Многообѣщающій вечеръ наступилъ. Ровно въ восемь часовъ, школьное зданіе, украшенное цвѣточными вѣнками и гирляндами, роскошно засвѣтилось огнями. Учитель возсѣдалъ на своемъ тронѣ, поставленномъ на высокую эстраду, вмѣстѣ съ его чернымъ письменнымъ столикомъ. Онъ казался въ порядочномъ градусѣ. Прямо передъ эстрадою стояло шесть скамеекъ, по сторонамъ еще по три; на всѣхъ ихъ сидѣли почетные мѣстные жители и родственники учениковъ. Слѣва, за толпою обывателей, былъ воздвигнутый временный помостъ, на которомъ находились ученики, подлежавшіе публичному испытанію: кучка маленькихъ ребятъ, вымытыхъ и пріодѣтыхъ до нестерпимаго для нихъ благоприличія; за ними толкались неуклюжіе подростки и красовались, бѣлоснѣжными рядами, отроковицы и дѣвы въ батистовыхъ и кисейныхъ платьяхъ, замѣтно чванившіяся своими голыми руками въ старинныхъ бабушкиныхъ браслетахъ, розовыми и голубыми бантиками и цвѣтами, приколотыми къ ихъ волосамъ. Остальное пространство въ комнатѣ было занято учениками, не принимавшими участія въ состязаніи.

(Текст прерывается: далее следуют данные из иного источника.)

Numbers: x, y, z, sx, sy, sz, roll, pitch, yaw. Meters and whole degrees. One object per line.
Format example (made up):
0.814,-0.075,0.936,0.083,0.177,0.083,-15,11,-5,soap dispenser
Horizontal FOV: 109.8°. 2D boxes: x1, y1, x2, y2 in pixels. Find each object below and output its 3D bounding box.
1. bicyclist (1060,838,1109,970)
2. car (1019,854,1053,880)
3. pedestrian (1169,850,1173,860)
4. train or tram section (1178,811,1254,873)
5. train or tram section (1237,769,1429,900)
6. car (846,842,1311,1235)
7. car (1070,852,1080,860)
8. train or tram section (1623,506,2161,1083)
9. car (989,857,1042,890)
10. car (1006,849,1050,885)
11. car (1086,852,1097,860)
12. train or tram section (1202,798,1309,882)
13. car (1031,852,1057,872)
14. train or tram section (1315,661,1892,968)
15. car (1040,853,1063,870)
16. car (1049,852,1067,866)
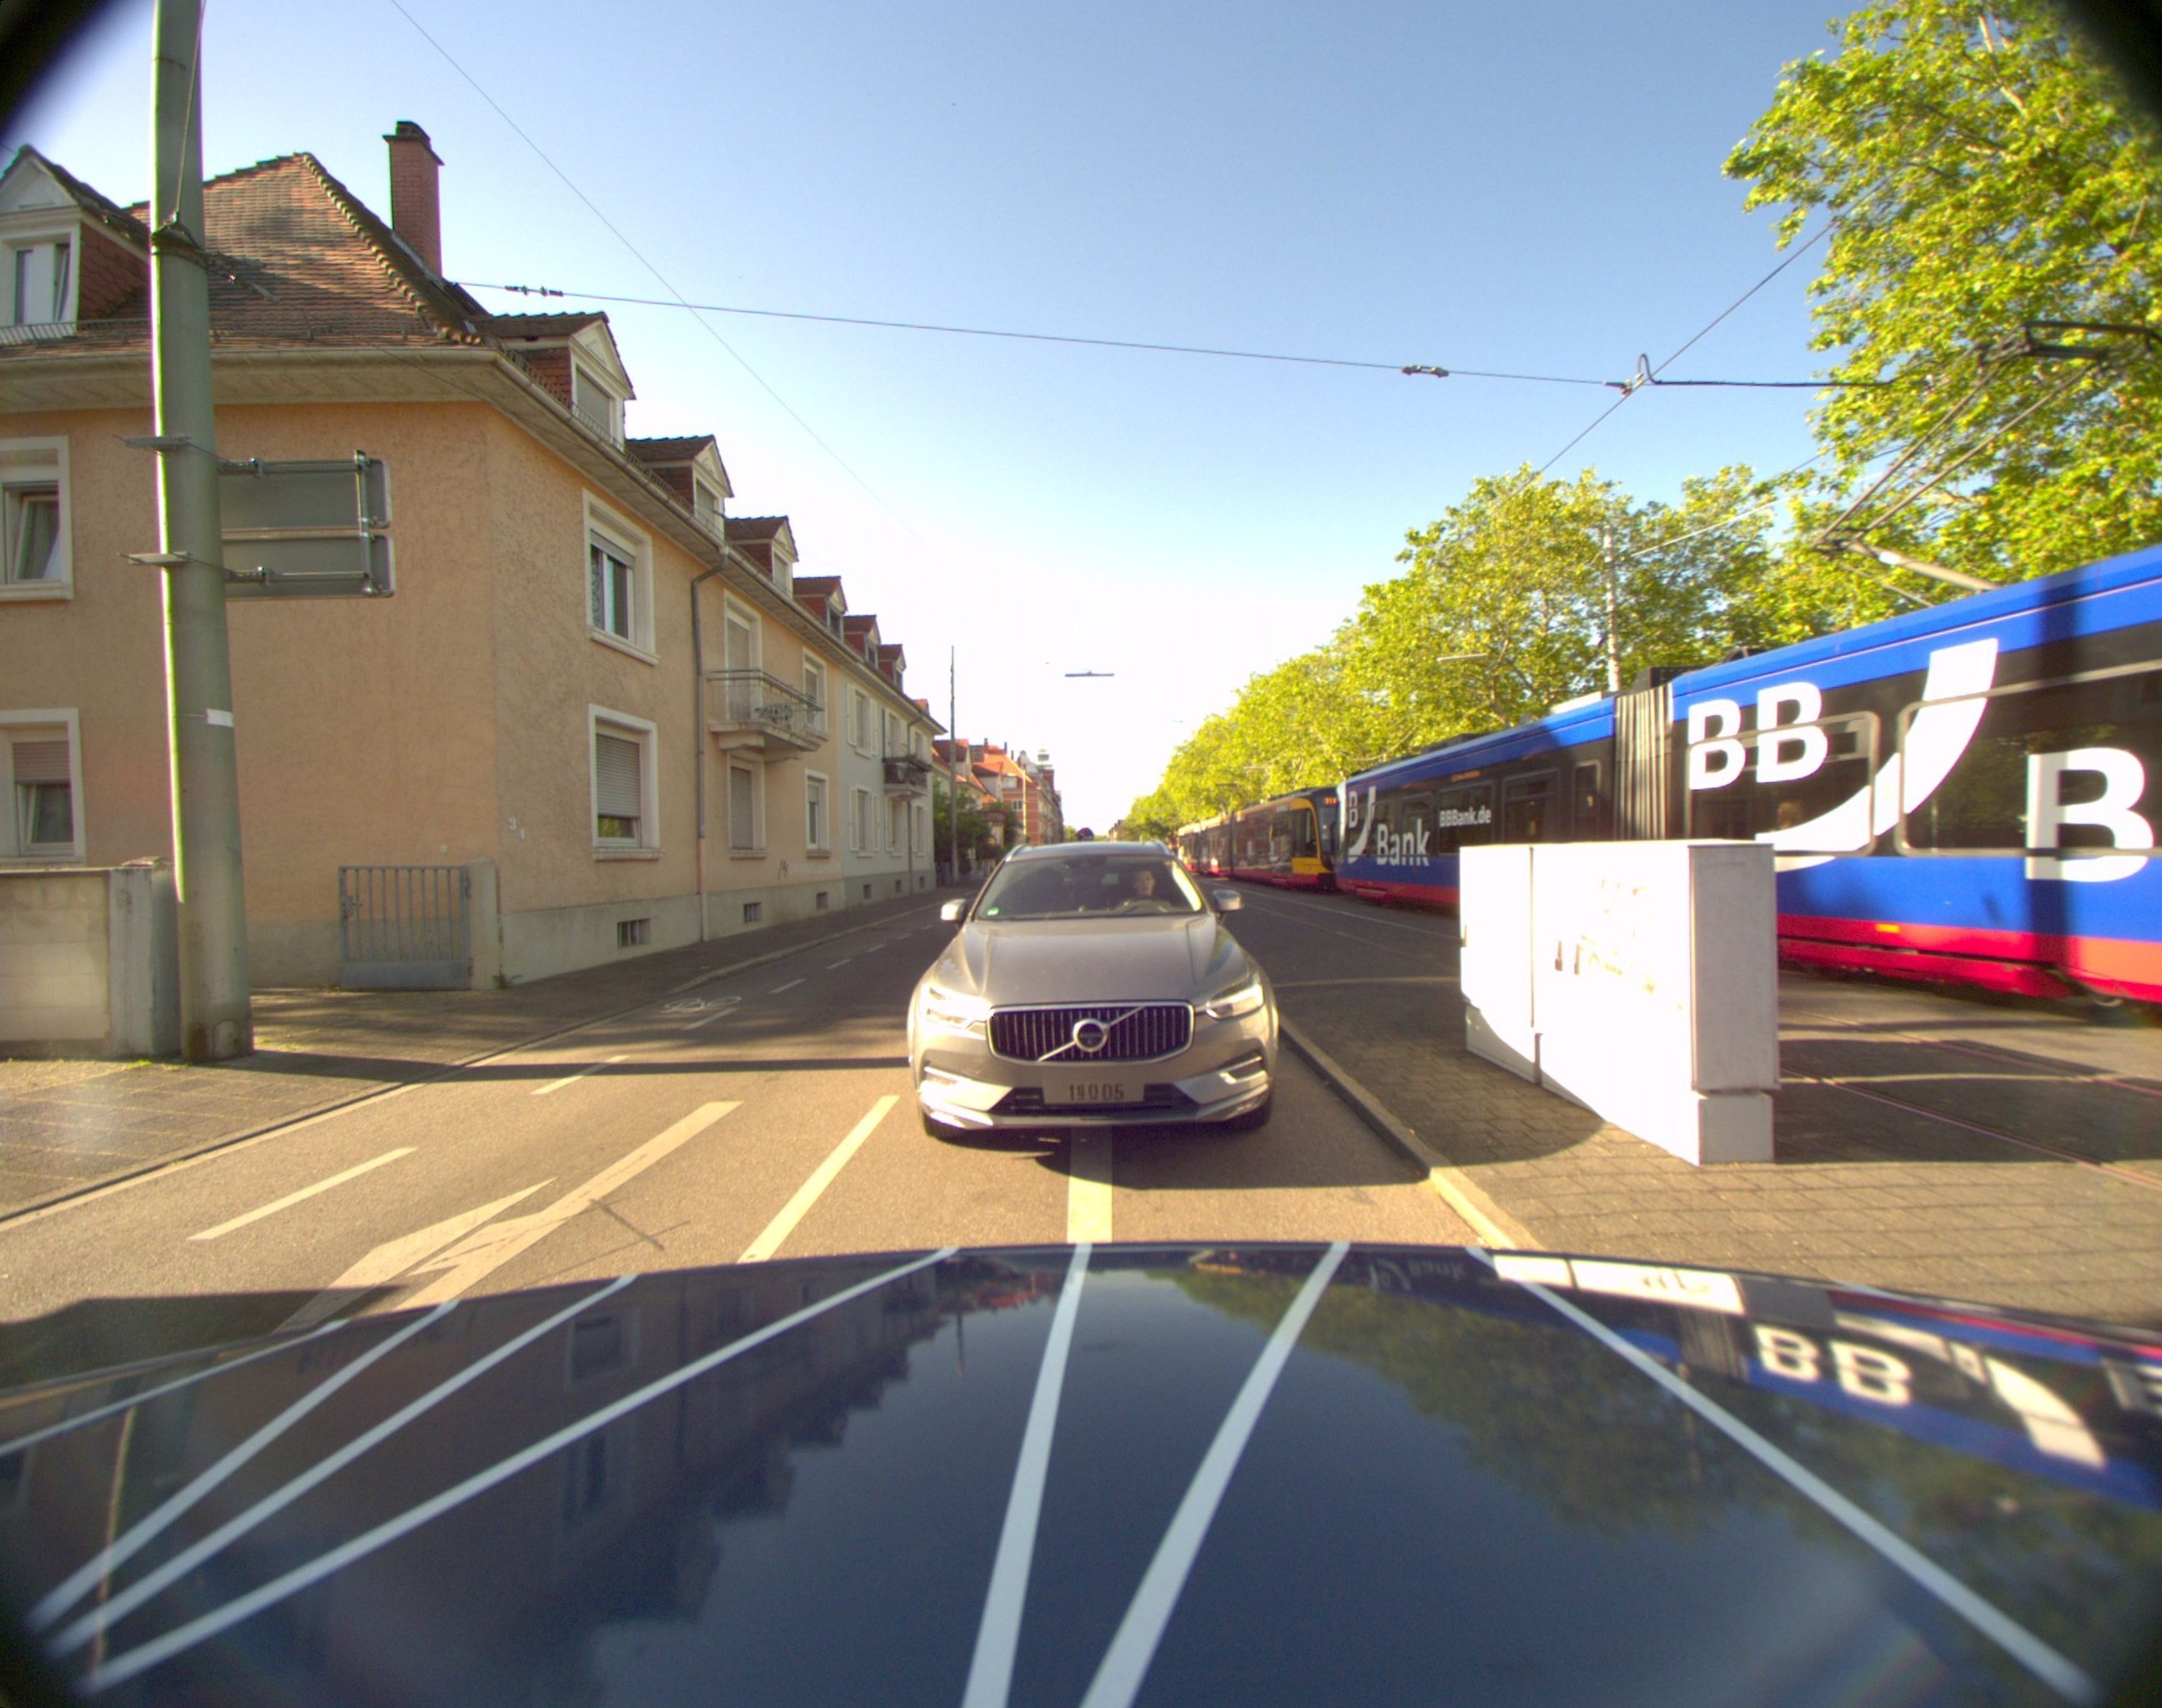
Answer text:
0.051,0.651,10.211,0.600,1.709,0.662,-1,1,1,bicyclist
-2.813,0.788,48.190,1.882,1.477,3.999,-1,0,-1,car
15.701,0.148,132.684,0.578,1.632,0.677,-1,1,3,pedestrian
8.843,-0.736,51.482,3.062,3.592,12.889,-1,0,1,train or tram section
8.249,-0.565,27.153,3.062,3.592,12.115,-1,0,1,train or tram section
0.021,0.769,5.438,1.917,1.621,4.502,-1,0,1,car
-1.112,0.316,148.116,1.882,1.477,3.999,-1,0,-1,car
8.388,-0.387,2.888,3.064,3.592,12.497,-1,0,-4,train or tram section
-3.139,0.923,37.160,1.881,1.477,4.001,-1,0,5,car
-2.905,0.669,42.905,1.932,1.834,5.313,-1,0,2,car
1.814,0.392,137.443,1.882,1.477,3.999,-1,0,-1,car
8.554,-0.628,39.108,3.062,3.592,11.950,-1,0,2,train or tram section
-2.938,0.600,60.882,1.882,1.477,3.999,-1,0,-1,car
8.101,-0.500,15.098,3.063,3.592,12.113,-1,0,0,train or tram section
-2.611,0.635,67.007,1.882,1.477,3.999,-1,0,-1,car
-2.561,0.556,85.546,1.882,1.477,3.999,-1,0,-1,car

Представленіе началось. Крошечный мальчуганъ выступилъ впередъ и началъ робко бормотать: «Не ждали вы, что малютка такой выступить смѣло передъ толпой» и пр., сопровождая эту декламацію такими же однообразными и, вмѣстѣ съ тѣмъ, судорожными движеніями, которыя могла бы дѣлать машина, — нѣсколько попорченная, разумѣется. Онъ пробрался, однако, благополучно до конца, хотя прострадалъ ужасно, и удостоился единодушныхъ рукоплесканій, когда отвѣсилъ деревянный поклонъ и удалился.

Маленькая, зардѣвшаяся отъ стыда дѣвочка пролепетала: «У Мэри была овечка» и пр., сдѣлала внушающій состраданіе реверансъ, получила свою долю апплодисментовъ и усѣлась на мѣсто, сконфуженная и счастливая.

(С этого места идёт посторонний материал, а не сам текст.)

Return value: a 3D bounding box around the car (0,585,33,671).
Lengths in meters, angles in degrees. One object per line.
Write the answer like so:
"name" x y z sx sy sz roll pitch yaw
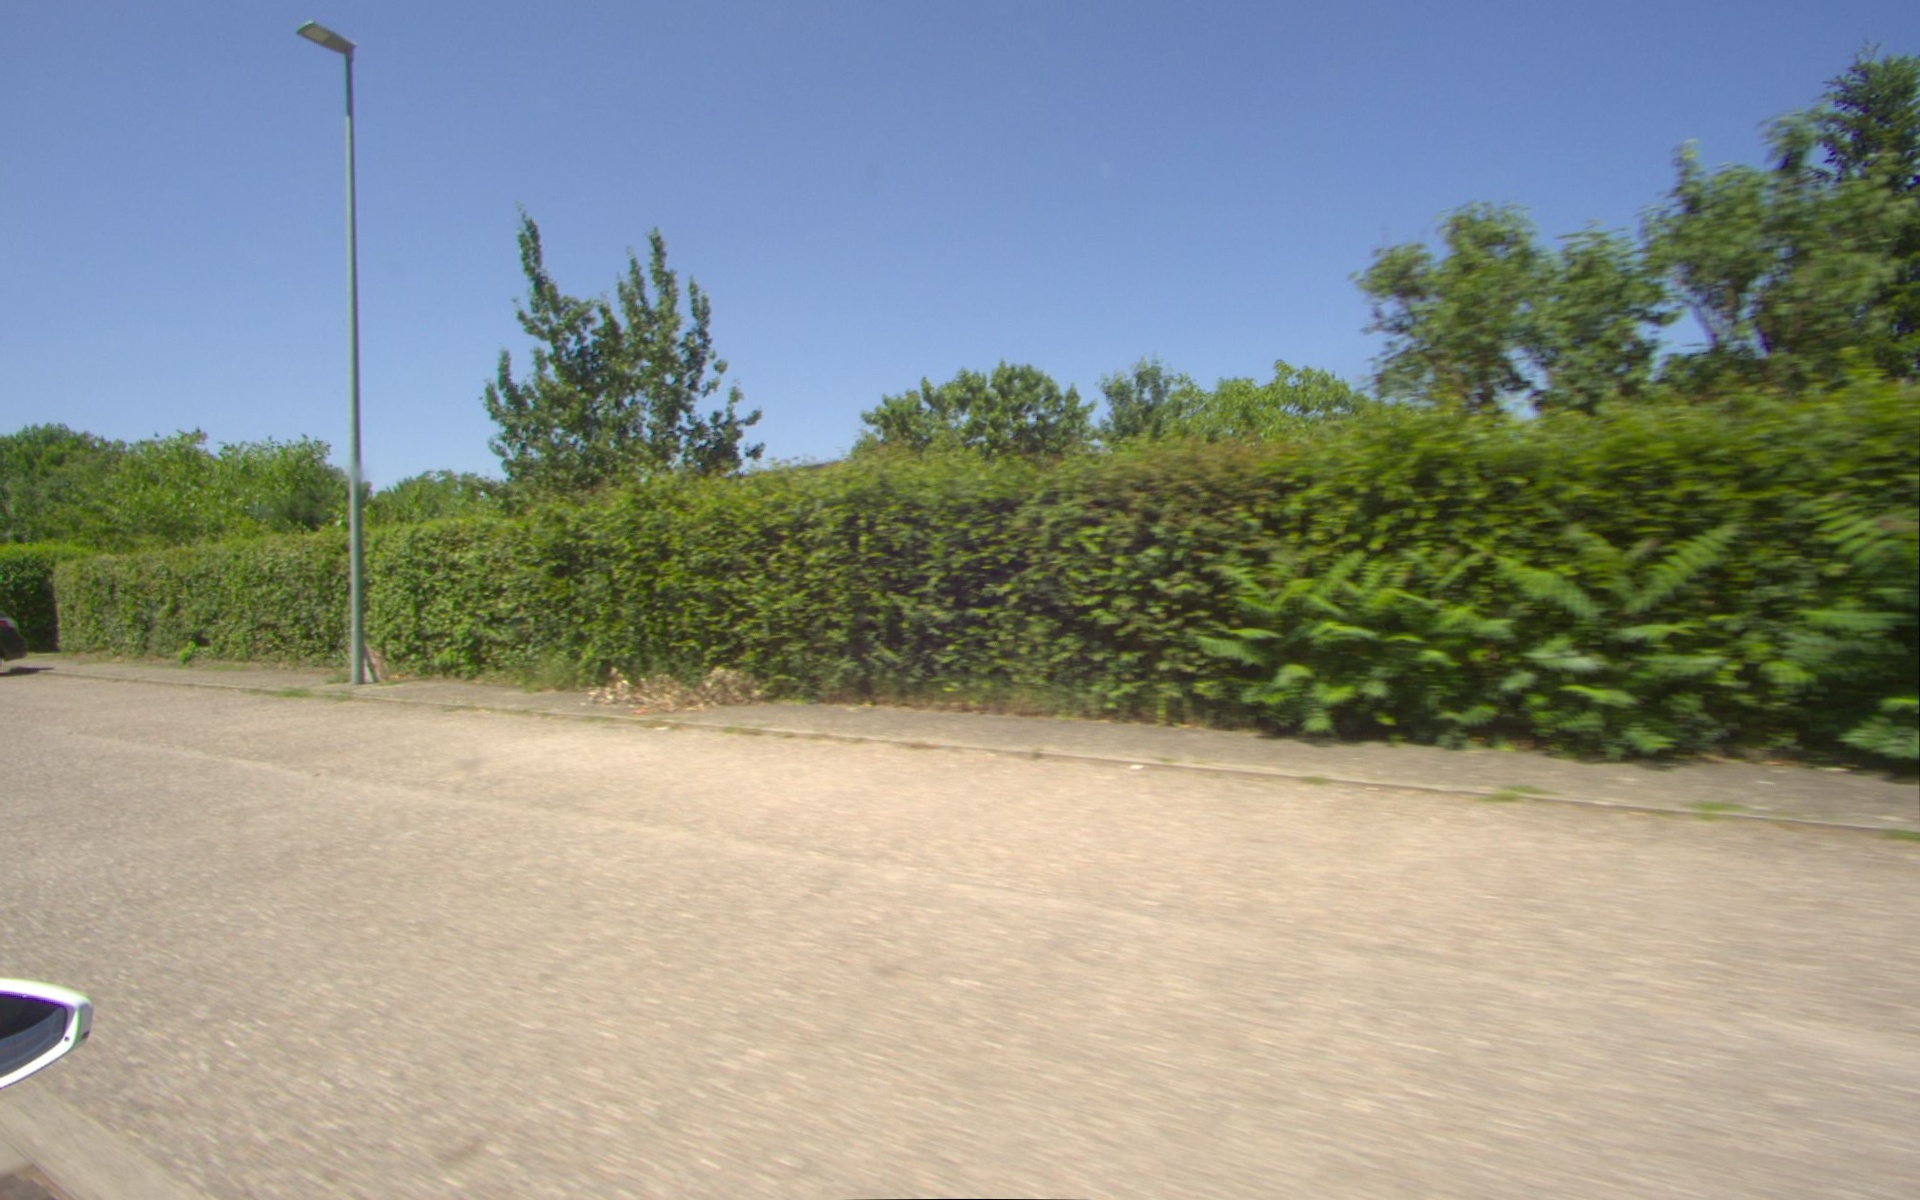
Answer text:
"car" -18.559 0.573 16.702 1.856 1.516 4.153 0 2 32

Томъ Соуеръ выступилъ съ заносчивою самоувѣренностью и началъ декламировать высокопарно на неистощимую и непоколебимую тему «Свободу ищу я одну или смерть», размахивая руками съ великолѣпнѣйшимъ бѣшенствомъ, но вдругъ запнулся на половинѣ. Смертельный ужасъ, — ужасъ забывшаго роль актера, — охватилъ его; ноги у него подкосились, онъ былъ готовъ упасть. Состраданіе зрителей къ нему выражалось ясно, это была правда, — но также ясно выражалось и ихъ безмолвіе, а оно было ему еще тяжелѣе ихъ состраданія. Учитель нахмурился и это довершило пораженіе: Томъ поборолся еще немного и потомъ отступилъ, проигравъ битву окончательно. Слабая попытка къ рукоплесканію замерла тотчасъ же.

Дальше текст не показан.